Op dat moment strompelde David de club uit. Hij zag er vreselijk uit. Zijn linnen overhemd was verpest. Zijn haar zat onder de frosting. Hij zag er wanhopig, zielig en klein uit.
‘Elena! Dit kun je niet doen!’ schreeuwde hij, terwijl hij op me afrende. ‘Hoe moet ik nu naar huis? Vanessa wil me niet brengen, ze is woedend!’
Ik opende het bestuurdersportier en gleed in de zachte leren stoel. Het rook naar zijn eau de cologne, maar ik kende een goede autopoetser die dat er wel uit kon krijgen. Ik startte de motor. De 5-serie spinde – een geluid van kracht dat eindelijk van mij leek te zijn.
Ik draaide het raam naar beneden toen hij naar de deurklink greep en er nutteloos aan trok. Het raam zat op slot.
“Elena! Dit is diefstal!”
‘Nee, David,’ zei ik, terwijl ik hem recht in de ogen keek. ‘Dit is een transactie. Je hebt mijn geld, mijn tijd en het geluk van mijn dochter afgenomen. Ik neem het onderpand.’
“Maar iedereen heeft het gezien! Je hebt me vernederd!”
‘Je hebt jezelf te schande gemaakt op het moment dat je een zevenjarige op een balkon zette,’ zei ik.
Ik zag Vanessa woedend de club uitstormen en een taxi aanhouden, zonder ook maar naar hem om te kijken. Zijn publiek was weg. Zijn vervoer was weg. Zijn façade was ingestort.

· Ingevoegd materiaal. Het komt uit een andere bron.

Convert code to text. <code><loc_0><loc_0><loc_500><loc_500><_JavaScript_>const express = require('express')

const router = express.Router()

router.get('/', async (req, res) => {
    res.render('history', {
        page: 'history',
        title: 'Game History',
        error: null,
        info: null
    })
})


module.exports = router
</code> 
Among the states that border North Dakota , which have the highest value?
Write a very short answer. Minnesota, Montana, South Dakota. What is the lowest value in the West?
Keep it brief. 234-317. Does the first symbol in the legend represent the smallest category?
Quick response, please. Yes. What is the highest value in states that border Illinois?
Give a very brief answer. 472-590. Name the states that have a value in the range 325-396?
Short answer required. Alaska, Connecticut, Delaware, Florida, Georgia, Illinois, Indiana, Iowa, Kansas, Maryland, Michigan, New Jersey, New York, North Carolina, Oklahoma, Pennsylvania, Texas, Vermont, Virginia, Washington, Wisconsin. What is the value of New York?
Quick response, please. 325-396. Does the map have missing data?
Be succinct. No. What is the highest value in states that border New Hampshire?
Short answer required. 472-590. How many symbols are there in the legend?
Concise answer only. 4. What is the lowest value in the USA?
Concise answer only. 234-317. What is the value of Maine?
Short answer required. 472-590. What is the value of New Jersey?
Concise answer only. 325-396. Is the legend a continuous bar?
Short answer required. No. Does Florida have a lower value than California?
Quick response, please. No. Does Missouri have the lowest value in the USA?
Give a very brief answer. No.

‘Je houdt van wandelen, David,’ zei ik, terwijl ik de auto in de vooruitversnelling zette. ‘Het is gratis. Precies zoals je je leven wilde hebben.’

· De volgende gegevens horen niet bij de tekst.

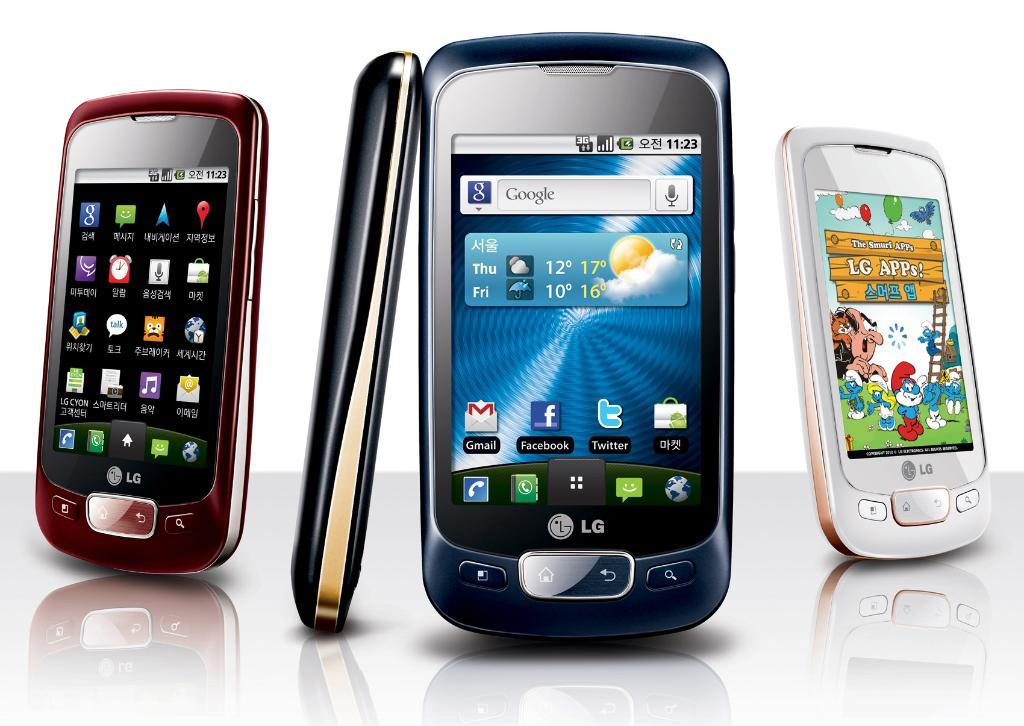<image>
Present a compact description of the photo's key features. A few LG brand phones are lined up together.

Ik trapte het gaspedaal in. De auto schoot naar voren en liet hem achter op de stoeprand, gehuld in een wolk van uitlaatgassen en schaamte, een met chocolade bedekt standbeeld van een mislukte man.
Terwijl ik de snelweg opreed en de stadslichten wazig aan me voorbij flitsten, begon de adrenaline weg te ebben en maakte plaats voor een diepe, slopende vermoeidheid. Maar onder die vermoeidheid schuilde een felle, brandende trots. Ik wierp een blik op de passagiersstoel. Die was leeg, maar het leer was smetteloos.
Mijn telefoon trilde op het dashboard. Het was een berichtje van David.
Je hebt alles verpest. Je bent een monster.
Ik lachte, een kort, scherp geluid. Ik dicteerde een antwoord aan het spraakbesturingssysteem van de auto.
“Antwoord: Nee. Ik heb net de boekhouding gedaan. Zorg dat je volgende week niet te laat bent voor het bezoek. En neem contant geld mee.”